Таким образом, в силу исторических реалий на территории бассейна Верхней Камы, которая включает в себя не только север Удмуртии, но и северо-восток Кировской области, сложилась весьма своеобразная языковая ситуация, и неоднократное заимствование ойконимической модели является лишь одним, и притом, допускаем, не самым ярким, её проявлением.

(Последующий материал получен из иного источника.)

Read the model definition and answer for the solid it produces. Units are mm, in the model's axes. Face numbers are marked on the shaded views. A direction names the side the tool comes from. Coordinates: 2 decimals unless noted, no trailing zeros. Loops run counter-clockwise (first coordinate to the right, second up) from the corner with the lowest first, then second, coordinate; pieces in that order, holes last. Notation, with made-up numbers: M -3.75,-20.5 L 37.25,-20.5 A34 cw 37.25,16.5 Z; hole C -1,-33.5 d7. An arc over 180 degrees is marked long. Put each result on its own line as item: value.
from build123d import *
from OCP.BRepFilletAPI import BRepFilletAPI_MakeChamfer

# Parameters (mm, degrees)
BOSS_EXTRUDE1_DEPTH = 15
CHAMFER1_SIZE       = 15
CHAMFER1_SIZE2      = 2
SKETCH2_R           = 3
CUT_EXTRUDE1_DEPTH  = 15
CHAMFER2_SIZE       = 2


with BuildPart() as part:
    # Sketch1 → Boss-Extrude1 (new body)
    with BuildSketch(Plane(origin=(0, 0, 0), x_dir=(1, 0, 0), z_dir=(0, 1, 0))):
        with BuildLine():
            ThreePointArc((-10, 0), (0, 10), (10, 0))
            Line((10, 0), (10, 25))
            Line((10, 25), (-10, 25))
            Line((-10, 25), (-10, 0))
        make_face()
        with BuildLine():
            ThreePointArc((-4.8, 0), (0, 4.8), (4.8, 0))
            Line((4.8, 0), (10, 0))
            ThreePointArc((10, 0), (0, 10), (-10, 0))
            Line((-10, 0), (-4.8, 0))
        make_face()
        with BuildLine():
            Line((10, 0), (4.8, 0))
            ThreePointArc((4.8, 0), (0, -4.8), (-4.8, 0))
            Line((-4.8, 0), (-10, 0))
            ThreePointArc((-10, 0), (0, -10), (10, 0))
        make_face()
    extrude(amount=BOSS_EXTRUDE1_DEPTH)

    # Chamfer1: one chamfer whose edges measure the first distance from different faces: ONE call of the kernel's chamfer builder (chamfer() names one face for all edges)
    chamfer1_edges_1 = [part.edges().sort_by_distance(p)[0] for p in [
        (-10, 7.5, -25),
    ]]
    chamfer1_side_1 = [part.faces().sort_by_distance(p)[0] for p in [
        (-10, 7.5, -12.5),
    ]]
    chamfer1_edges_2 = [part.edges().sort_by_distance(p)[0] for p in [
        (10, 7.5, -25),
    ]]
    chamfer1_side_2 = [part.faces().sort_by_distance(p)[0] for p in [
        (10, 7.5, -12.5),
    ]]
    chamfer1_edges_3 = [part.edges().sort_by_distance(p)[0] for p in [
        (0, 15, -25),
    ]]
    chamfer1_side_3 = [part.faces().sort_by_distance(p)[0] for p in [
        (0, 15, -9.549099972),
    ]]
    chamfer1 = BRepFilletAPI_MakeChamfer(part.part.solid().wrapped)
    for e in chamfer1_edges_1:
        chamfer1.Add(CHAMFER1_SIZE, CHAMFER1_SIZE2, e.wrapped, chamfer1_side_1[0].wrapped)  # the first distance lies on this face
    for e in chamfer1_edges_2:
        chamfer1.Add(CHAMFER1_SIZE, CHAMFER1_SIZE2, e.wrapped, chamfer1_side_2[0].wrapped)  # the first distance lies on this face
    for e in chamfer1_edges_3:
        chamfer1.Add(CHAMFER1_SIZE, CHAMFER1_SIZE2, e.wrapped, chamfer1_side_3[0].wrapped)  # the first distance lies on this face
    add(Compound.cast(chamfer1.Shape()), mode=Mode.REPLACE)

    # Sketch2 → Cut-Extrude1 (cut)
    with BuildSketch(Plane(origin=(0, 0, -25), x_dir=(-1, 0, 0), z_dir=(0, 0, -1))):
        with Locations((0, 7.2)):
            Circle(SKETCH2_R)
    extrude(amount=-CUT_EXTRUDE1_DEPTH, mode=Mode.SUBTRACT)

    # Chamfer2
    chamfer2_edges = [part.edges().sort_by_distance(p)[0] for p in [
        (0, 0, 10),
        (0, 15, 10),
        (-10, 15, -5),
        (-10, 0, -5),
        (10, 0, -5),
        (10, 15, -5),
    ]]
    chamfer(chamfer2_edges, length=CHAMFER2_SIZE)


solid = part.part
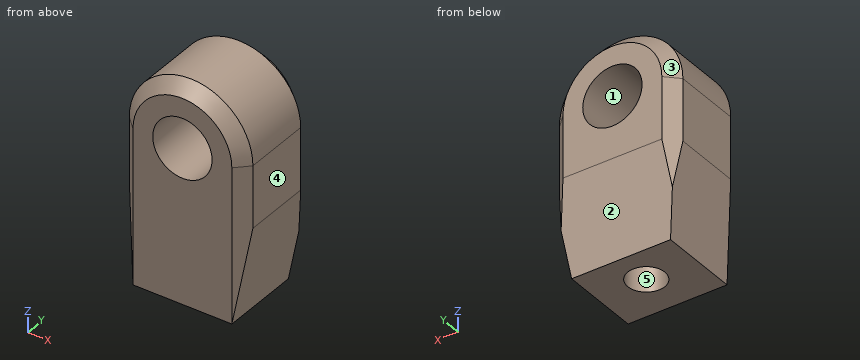
1) Which of the six approach directions +Z, -Z, +X, -X, +Y, -Y give full straight-line access (tool end or side, diameter ignored) to the marked faces 4 and 5?
Answer list:
face 4: +Z, -Z, +X, +Y, -Y
face 5: -Z
2) Determine the mould class of the marked faces 1, 2 and 3 for opening direction Z: released by +Z, released by -Z, zero draft, split by the parting line, or undercut.
Answer list:
face 1: undercut
face 2: released by -Z
face 3: released by +Z
3) Find section B-B, the plane y = 7.2. Write down the section's boundary in (x, z).
Answer list:
outline: M -10,-10 L -8,-25 L -3,-25 L -3,-10 L 3,-10 L 3,-25 L 8,-25 L 10,-10 L 10,0 A10 ccw -10,0 Z; hole C 0,0 d9.6
4) Find section A-A, the plane x = 0. Write down the section's boundary in (y, z).
Answer list:
outline: M 0,-25 L 4.2,-25 L 4.2,-10 L 10.2,-10 L 10.2,-25 L 13,-25 L 15,-10 L 15,-4.8 L 0,-4.8 Z; M 0,4.8 L 15,4.8 L 15,8 L 13,10 L 2,10 L 0,8 Z
5) Find section C-C, the plane z = -20. Write down the section's boundary in (x, y), plus the area to 3 significant figures.
Answer list:
outline: M -8.67,0.67 L -8,0 L 8,0 L 8.67,0.67 L 8.67,13.67 L -8.67,13.67 Z; hole C 0,7.2 d6
area: 208 mm^2
6) Given pin 1 Ø1 at (x, y) = (1.5, 7) entering from -Z; pin 2 Ø6 at (x, y) = (8, 2.5) entering from +Z; pin 3 Ø6 at (x, y) = (-4.5, 5) entering from +Z, each flat-ended and moving along its own axis, determine where each tip first touches the part or whether it passes through.
Answer list:
pin 1: stops at z = -10
pin 2: stops at z = 8.66
pin 3: stops at z = 9.89
7) Find section D-D, the plane z = -2.5. Write down the section's boundary in (x, y).
Answer list:
outline: M -10,2 L -8,0 L -4.1,0 L -4.1,15 L -8,15 L -10,13 Z; M 4.1,0 L 8,0 L 10,2 L 10,13 L 8,15 L 4.1,15 Z
8) Straight lines are drawn through the part: line 1 (Z direction, x = 0, y = 5.5); line 2 (X direction, y = 8.75, z = -1); line 3 (X direction, y = 9, z = -15.5). For each, find the intervals that lie inside material, in ascending order. Write a range as [from, to].
Answer list:
line 1: z = [-10, -4.8], [4.8, 10]
line 2: x = [-10, -4.69], [4.69, 10]
line 3: x = [-9.27, -2.4], [2.4, 9.27]

Эта ситуация сложилась в результате длившегося не одно столетие взаимного влияния двух существенно различающихся между собой языковых систем и требует системного исследования представителями целого ряда гуманитарных дисциплин: языкознания (как топонимики, так и диалектологии), фольклористики, этнографии.


ЛИТЕРАТУРА

Атаманов М.Г. Воршудные названия в удмуртской ойконимии и происхождение родового наименования ЭГРА. – «Вопросы удмуртского языкознания», Ижевск, вып. 3, 1975, с. 35 – 41.

Атаманов М.Г. Ойконимы Граховского района. – «Ономастика Поволжья». Сб. 4. Саранск, 1976, с. 221 – 224.

Барашков В.Ф. О русском говоре северной части Карсовайского района Удмуртской АССР. – Учёные записки Глазовского государственного педагогического института, 1958, вып. VII, с. 69 – 97.

Барашков В.Ф. К изучению русского говора северной части Карсовайского района Удмуртской АССР. – Учёные записки Глазовского государственного педагогического института, 1959, вып. VIII, с. 253 – 294.

Бушмакин С.К. Воршудные имена и удмуртская топонимия. («Ономастика Поволжья»). Ульяновск, 1969.

Макаров Л.Д., Иванов А.Г. Из истории Карсовайского края. – В кн.: Стародубцева С.В. «Ох, роспечальное моё сердечко». Ижевск, 1999, с. 206 – 223.

Никонов В.А. Введение в топонимику. М., 1965.

Никонов В.А. Краткий топонимический словарь. М., 1964.

Первухин Н.Г. Эскизы преданий и быта инородцев Глазовского уезда. Эскиз I. Вятка, 1988.